PROBLEM TO WORK ON:
From the listing below, copy each line where "ident" occurs.

***

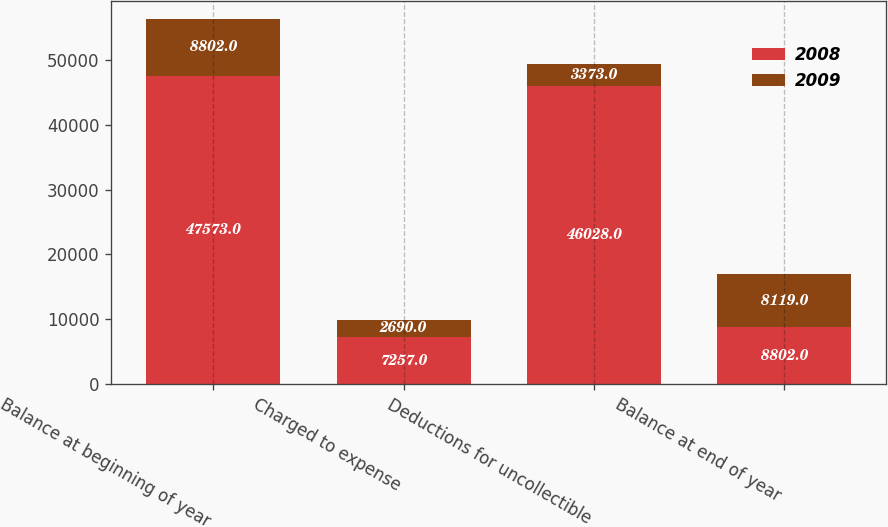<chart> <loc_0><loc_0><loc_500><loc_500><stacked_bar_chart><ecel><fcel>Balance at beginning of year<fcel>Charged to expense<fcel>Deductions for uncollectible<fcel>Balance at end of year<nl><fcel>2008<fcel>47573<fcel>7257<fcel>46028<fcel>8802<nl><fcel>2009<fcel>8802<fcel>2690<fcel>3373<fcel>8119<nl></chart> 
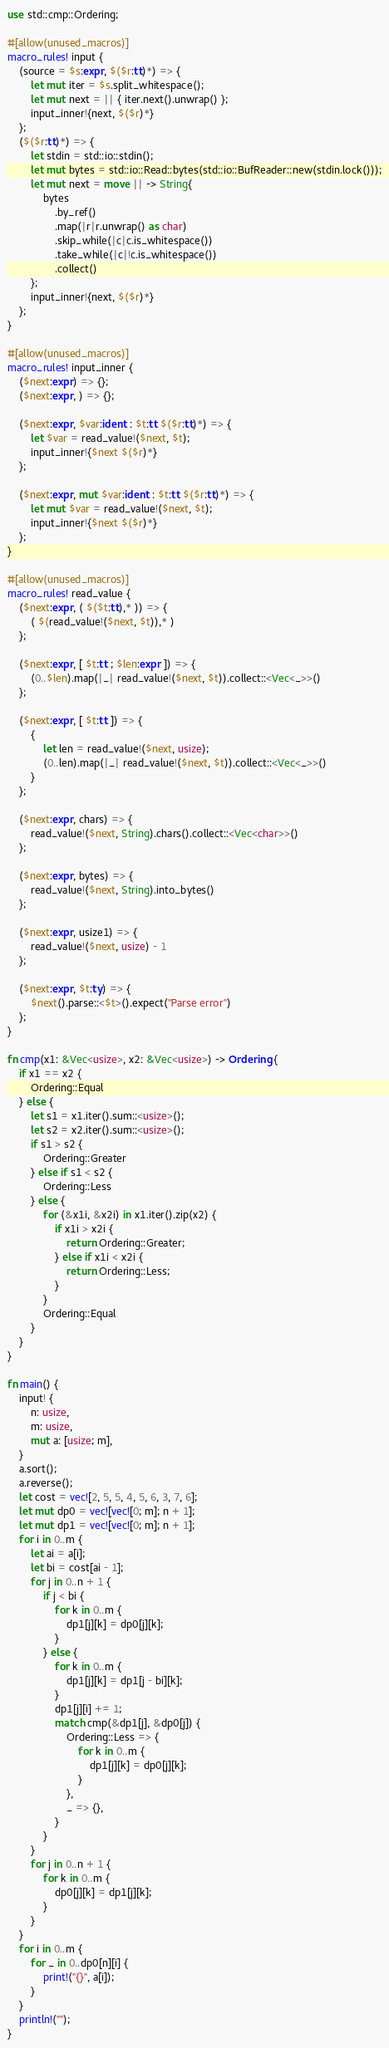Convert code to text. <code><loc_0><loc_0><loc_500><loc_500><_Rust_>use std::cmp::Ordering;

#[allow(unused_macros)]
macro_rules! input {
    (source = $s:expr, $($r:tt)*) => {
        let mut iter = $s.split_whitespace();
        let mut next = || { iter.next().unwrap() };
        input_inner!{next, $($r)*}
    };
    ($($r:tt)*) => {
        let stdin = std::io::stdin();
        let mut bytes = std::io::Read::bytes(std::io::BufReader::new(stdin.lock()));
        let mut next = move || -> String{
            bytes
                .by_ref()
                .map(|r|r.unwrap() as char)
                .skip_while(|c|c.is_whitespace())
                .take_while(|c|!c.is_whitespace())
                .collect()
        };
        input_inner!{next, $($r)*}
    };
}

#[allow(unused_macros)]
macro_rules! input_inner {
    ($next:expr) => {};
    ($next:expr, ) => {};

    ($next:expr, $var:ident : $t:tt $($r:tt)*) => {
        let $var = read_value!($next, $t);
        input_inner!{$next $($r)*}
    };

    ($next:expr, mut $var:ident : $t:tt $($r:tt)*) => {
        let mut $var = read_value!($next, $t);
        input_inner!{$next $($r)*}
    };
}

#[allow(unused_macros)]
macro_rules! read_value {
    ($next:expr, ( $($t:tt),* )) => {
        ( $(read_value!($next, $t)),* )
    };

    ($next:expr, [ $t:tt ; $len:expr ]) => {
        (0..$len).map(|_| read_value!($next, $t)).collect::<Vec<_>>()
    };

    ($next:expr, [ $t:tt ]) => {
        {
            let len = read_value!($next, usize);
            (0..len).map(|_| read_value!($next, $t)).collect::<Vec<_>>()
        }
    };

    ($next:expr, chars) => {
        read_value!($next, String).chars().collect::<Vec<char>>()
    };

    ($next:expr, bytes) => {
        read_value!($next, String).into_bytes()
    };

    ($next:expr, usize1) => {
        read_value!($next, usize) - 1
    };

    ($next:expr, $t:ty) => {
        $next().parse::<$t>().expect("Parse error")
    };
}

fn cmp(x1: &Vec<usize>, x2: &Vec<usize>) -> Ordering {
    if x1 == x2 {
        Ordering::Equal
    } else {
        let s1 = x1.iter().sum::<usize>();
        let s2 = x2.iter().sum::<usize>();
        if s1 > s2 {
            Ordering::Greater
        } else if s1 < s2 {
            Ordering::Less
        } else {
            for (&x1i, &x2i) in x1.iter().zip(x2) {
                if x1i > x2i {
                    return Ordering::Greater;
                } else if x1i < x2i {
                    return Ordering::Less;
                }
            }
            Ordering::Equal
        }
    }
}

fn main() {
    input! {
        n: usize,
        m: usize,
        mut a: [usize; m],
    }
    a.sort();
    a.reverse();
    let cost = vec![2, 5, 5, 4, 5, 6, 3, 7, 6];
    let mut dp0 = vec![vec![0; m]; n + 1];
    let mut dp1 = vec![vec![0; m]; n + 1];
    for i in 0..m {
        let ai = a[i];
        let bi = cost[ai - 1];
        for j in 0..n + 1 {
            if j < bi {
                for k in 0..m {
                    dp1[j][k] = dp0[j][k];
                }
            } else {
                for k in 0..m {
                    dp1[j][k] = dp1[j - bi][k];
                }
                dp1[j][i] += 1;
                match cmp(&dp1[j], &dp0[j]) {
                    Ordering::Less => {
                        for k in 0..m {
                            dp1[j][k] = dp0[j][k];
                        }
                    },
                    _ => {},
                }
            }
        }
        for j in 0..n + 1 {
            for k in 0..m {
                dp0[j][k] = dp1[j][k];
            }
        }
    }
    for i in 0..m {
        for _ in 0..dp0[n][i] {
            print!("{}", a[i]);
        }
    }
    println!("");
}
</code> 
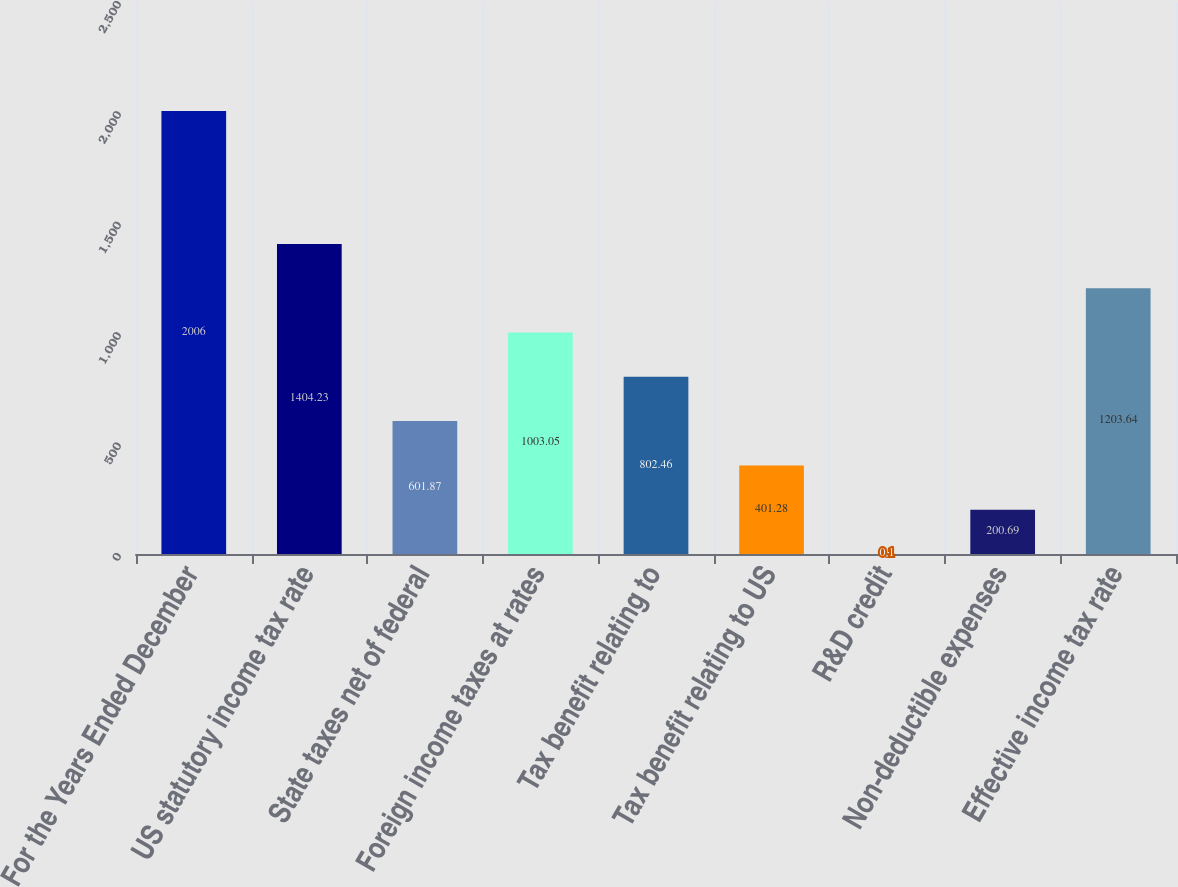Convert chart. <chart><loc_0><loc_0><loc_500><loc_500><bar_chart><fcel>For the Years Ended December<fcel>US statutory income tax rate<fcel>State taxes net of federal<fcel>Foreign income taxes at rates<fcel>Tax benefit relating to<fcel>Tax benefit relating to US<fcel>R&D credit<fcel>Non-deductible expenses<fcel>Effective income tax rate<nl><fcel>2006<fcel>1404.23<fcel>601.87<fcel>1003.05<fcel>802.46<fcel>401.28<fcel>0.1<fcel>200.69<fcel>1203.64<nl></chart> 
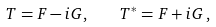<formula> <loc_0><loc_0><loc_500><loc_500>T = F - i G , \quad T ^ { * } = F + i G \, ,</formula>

***

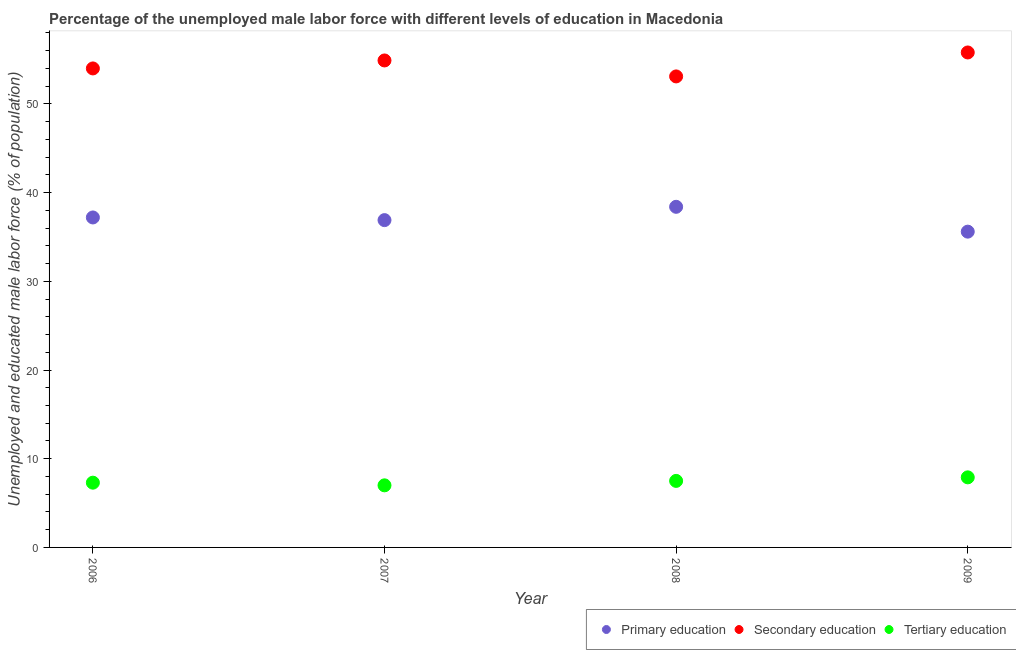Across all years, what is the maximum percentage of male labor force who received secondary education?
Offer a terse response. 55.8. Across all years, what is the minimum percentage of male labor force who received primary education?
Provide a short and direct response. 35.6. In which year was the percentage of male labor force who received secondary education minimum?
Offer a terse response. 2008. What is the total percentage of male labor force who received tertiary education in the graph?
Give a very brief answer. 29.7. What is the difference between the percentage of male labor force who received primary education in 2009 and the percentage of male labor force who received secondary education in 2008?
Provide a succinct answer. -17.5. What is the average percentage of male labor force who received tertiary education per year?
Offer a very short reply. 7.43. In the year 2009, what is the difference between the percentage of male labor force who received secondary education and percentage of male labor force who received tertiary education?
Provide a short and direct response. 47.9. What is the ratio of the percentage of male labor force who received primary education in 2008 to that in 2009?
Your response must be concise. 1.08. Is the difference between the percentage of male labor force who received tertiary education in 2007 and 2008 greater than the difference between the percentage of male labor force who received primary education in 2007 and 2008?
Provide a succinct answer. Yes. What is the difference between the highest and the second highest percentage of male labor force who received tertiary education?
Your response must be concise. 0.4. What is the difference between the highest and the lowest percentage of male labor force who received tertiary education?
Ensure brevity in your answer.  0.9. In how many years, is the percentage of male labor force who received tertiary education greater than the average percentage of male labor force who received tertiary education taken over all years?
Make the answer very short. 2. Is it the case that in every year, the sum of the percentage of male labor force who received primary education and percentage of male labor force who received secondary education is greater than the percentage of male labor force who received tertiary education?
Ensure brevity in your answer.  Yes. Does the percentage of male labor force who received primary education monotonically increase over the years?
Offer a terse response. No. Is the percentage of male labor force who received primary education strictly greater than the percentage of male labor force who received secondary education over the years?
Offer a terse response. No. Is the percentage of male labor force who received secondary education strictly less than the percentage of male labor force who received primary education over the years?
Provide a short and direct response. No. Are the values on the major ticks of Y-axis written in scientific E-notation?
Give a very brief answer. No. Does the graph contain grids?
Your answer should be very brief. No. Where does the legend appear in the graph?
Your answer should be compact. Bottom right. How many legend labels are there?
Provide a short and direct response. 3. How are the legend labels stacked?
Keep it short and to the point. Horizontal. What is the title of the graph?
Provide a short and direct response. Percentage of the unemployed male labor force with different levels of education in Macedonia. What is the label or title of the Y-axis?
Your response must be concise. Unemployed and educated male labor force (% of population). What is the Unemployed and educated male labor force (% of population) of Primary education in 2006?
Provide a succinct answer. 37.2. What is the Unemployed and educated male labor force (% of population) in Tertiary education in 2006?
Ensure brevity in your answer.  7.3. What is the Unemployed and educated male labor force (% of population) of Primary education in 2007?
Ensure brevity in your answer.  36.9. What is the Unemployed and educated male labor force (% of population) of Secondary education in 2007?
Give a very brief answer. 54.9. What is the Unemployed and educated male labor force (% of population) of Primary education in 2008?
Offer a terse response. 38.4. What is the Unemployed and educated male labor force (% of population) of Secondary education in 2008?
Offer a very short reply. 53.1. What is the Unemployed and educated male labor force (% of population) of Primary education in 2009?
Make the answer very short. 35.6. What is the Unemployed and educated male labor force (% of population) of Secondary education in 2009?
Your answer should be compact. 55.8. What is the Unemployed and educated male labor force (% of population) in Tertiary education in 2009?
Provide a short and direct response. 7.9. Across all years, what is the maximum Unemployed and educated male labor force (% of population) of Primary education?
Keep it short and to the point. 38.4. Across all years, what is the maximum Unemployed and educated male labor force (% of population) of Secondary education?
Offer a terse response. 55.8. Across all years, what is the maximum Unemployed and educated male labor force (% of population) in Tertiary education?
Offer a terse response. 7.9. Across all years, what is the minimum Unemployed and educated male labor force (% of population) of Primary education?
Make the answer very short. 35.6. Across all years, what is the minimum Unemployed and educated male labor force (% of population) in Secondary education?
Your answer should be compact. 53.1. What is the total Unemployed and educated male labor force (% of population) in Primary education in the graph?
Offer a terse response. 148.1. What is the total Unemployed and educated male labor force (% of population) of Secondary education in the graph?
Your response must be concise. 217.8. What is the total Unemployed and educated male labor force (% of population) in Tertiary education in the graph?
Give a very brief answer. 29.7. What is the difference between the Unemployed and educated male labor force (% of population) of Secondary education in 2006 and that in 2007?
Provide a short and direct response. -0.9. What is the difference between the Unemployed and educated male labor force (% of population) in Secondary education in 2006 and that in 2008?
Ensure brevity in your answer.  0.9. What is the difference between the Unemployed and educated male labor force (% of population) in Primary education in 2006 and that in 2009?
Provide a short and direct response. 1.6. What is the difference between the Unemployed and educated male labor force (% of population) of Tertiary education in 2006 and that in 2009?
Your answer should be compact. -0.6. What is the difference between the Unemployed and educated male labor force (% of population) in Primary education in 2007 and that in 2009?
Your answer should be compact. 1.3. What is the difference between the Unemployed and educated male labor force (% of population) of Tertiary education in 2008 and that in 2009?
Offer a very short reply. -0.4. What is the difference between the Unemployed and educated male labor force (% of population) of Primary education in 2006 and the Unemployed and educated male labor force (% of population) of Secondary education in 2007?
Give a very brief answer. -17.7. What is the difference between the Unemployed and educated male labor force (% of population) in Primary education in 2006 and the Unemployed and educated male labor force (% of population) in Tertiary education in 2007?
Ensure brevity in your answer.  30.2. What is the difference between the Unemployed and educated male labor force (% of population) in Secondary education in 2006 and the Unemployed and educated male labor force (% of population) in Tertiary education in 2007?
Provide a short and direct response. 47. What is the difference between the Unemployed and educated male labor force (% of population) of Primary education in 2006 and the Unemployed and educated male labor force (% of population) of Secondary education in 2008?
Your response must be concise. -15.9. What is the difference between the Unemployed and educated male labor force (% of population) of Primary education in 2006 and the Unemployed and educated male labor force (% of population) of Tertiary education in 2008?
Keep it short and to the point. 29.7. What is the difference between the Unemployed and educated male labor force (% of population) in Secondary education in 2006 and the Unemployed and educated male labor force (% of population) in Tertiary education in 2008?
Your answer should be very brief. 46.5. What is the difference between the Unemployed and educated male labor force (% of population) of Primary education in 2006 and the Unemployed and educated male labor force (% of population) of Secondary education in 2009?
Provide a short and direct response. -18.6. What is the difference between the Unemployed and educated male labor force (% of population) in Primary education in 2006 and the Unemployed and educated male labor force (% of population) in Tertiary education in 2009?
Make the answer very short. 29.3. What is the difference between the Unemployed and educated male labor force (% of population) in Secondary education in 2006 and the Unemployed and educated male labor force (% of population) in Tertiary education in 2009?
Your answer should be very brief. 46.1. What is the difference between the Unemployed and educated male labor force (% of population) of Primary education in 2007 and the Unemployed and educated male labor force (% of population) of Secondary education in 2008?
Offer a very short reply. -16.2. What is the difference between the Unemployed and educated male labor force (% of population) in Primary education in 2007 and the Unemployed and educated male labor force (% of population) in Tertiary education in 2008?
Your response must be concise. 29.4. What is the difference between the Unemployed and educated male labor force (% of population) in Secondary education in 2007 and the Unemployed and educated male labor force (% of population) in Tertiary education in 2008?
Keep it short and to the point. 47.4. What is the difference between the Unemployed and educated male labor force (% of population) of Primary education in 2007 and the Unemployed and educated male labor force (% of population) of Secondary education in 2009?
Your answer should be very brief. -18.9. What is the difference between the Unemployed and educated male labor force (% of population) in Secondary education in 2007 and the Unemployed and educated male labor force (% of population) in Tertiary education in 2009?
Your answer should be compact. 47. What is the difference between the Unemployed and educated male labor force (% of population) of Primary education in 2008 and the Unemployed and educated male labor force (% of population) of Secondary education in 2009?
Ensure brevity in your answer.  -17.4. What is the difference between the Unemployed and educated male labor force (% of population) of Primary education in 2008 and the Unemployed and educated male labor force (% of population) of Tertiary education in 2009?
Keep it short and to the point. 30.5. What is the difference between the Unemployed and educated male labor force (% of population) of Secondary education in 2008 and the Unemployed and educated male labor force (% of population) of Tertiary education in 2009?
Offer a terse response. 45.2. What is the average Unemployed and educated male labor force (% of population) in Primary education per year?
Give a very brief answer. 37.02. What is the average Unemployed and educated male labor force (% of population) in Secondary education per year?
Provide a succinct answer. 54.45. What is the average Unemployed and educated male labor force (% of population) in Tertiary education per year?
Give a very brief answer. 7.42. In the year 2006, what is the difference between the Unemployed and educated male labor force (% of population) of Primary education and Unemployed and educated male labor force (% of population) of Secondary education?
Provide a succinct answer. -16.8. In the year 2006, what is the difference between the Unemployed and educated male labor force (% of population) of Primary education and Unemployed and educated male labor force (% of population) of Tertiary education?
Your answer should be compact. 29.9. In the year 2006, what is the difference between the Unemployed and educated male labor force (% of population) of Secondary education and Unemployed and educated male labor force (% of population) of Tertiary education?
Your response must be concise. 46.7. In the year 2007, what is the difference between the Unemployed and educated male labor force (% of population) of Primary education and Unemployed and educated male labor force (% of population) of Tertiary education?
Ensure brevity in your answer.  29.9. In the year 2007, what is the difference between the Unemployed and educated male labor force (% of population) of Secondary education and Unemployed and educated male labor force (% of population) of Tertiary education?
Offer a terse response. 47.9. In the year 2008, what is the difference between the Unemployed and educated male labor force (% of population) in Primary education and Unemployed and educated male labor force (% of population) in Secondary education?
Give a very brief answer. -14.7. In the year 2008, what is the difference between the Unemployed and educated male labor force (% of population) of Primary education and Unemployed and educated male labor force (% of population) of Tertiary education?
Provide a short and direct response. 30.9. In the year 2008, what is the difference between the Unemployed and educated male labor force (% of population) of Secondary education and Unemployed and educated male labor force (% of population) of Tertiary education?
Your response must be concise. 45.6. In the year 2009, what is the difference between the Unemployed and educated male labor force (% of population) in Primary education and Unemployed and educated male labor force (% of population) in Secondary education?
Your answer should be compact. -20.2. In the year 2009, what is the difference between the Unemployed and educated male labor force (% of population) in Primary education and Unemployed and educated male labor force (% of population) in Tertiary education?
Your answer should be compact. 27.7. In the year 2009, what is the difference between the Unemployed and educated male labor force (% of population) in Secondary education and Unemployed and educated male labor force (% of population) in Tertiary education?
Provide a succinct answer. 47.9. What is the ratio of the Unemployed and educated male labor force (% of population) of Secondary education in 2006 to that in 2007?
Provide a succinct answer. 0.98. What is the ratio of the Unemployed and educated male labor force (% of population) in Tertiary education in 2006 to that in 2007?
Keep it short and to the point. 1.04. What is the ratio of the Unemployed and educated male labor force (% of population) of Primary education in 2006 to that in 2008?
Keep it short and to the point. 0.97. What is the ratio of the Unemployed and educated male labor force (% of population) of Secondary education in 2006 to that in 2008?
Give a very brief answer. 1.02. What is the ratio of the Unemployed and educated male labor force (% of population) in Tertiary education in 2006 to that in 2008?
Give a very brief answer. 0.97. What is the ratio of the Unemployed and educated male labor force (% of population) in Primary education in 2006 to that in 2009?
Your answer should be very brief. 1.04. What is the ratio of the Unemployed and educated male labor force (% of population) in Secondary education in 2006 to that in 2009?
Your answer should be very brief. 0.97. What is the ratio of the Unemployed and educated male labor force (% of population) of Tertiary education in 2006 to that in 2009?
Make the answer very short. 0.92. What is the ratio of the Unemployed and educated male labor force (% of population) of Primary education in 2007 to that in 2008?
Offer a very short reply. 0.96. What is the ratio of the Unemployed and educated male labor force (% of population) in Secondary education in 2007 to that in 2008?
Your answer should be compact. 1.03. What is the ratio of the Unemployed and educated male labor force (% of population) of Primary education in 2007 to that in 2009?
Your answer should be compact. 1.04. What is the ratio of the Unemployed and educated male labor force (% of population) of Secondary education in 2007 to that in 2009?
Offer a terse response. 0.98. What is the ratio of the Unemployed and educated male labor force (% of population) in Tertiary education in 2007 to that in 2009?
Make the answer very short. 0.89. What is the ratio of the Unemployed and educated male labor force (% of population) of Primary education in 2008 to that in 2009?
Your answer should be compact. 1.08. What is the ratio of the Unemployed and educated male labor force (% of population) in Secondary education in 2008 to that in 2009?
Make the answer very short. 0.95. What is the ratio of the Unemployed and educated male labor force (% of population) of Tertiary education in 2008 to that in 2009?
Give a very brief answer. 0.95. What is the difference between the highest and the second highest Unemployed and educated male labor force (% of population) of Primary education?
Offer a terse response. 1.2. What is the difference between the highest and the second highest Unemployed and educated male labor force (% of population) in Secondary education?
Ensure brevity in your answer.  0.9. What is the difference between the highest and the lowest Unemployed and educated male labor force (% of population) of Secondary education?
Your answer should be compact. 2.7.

***

YOUR RESPONSE:
    ($next:expr, $var:ident : $t:tt $($r:tt)*) => {
    ($next:expr, mut $var:ident : $t:tt $($r:tt)*) => {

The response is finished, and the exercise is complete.